Of course my impressions
are actually shared by the majority people of this world, from those
countries outside of NATO and the GCC and particularly those which are
victims of these powers. But because they do not own a powerful media
their voices are drowned out by the impressions of the minority
reflected in the mainstream media of the NATO and GCC countries.
So in relation to my sources, I find my sources through a number of
different means, but my main means is I talk to ordinary people every
where I go and in Syria this is not difficult because people are really
keen to speak about the crisis in their country, especially to
foreigners who they feel strongly have a false impression about their
country and current events.
This was overwhelmingly, but of course not
exclusively, the point of view that I encountered. And this is reflected
in my reporting.
In fact, like in Libya, I was so overwhelmed by the volume of people
that wanted to talk about their anger at the fabrications in the media
of the NATO and GCC countries that my colleague Mostafa Afzalzadeh and I
decided to make a documentary so that we could reflect what ordinary
Syrian people are really saying.
This documentary will actually expose
how if it was not for such media the crisis in Syria would have been
over before it started and the people of Syria would be living in peace
now.
The difference with journalists from
mainstream media in NATO and GCC
countries is that they come with an agenda, and that agenda is to cover
what they call is a “revolution” happening inside Syria and to give
substance to the false claims that the Syrian government is a threat to
the Syrian people.
So if for example they walk down the street and they
have 10 people telling them there is no revolution happening in Syria
and actually the people want the army to protect them from the
terrorists that are flooding the country, and then they have one person
who tells them that there is no democracy in Syria, they will discard
the 10 as government spies and run with the one person who said
something different, I witnessed this myself.
If they were to do the reverse and reflect the majority view on the
street, then this would undermine the coverage of their media
organizations over the previous 10 months that have painted a picture of
a government hated by its people, and in turn it would undermine their
own credibility as journalists working for those organizations.

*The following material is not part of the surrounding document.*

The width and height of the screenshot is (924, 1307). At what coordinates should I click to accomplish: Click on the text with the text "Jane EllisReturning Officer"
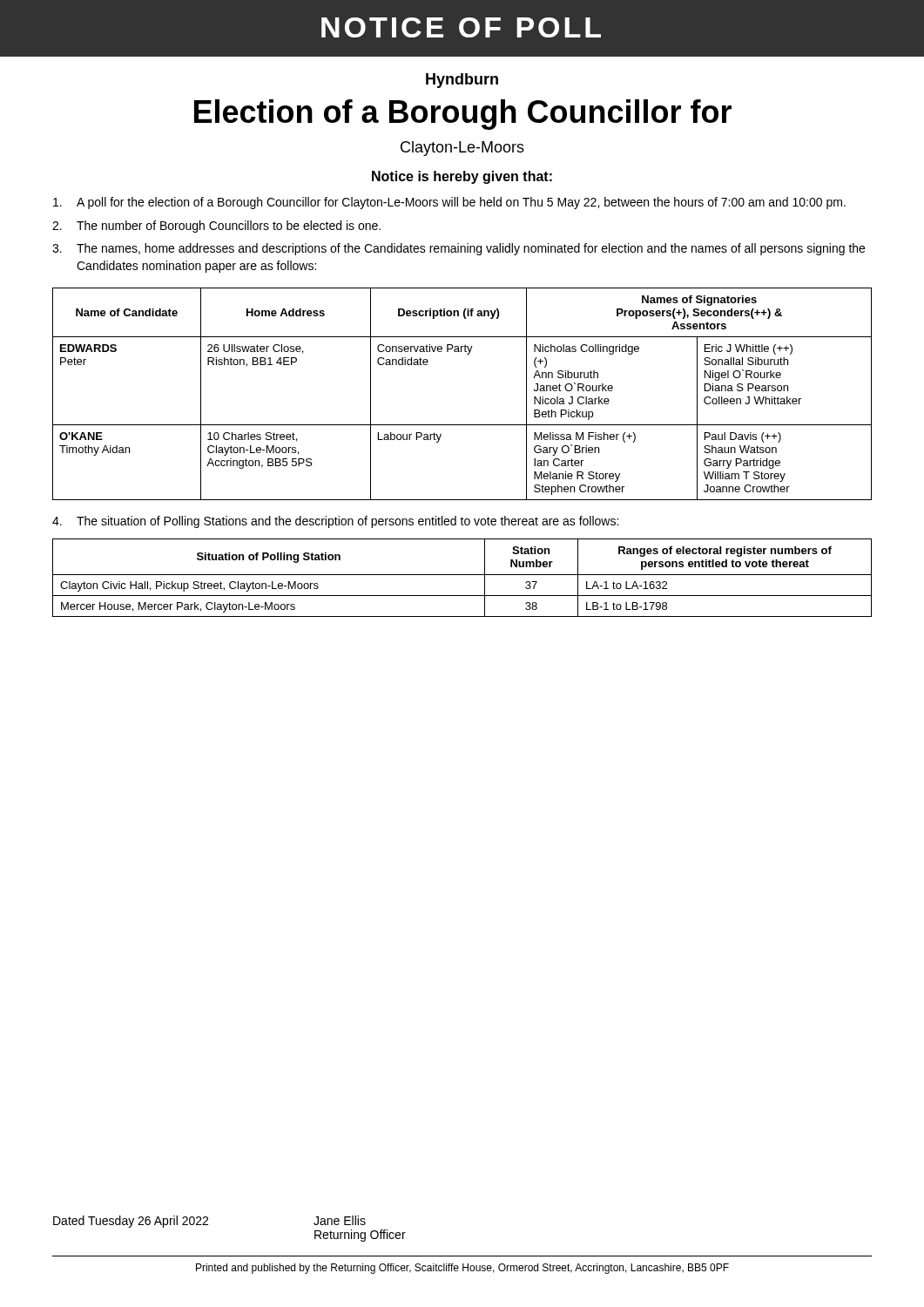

But in time they will not be able to suppress the truth.
However,
like in
Libya the danger is that the truth only comes out when it is too late,
when a country has been successfully destroyed by the NATO and GCC
countries, with the vital help of their media. Then the western media
can afford to be more honest, although never entirely, because the aims,
for example of regime change, of their paymasters have been achieved.
I on the other hand am not concerned about towing a line in order to
“make it” as a journalist working for one of the world’s most respected
media organizations, I became a journalist in order to reflect the truth
at whatever cost that may come.
The only thing I am loyal to is my
conscience.
RM: Since you have appeared on Press TV and Russia Today, as well as
Syria state television, do you have any concern that you might seem to
be endorsing the governments that finance those channels, or do you see
your role more as that of an activist, opposing the policies of the US
and UK, than as a neutral reporter?
LP: This question in itself is a very deceitful and loaded question,
and it is taken out of all context.
It implies that BBC, CNN, Al Jazeera
etc. and the journalists who work for those organizations are independent
from their financiers.
If I worked for BBC does that mean that I am
endorsing the British government which funds it and that government’s
centuries long and present abuses across the world?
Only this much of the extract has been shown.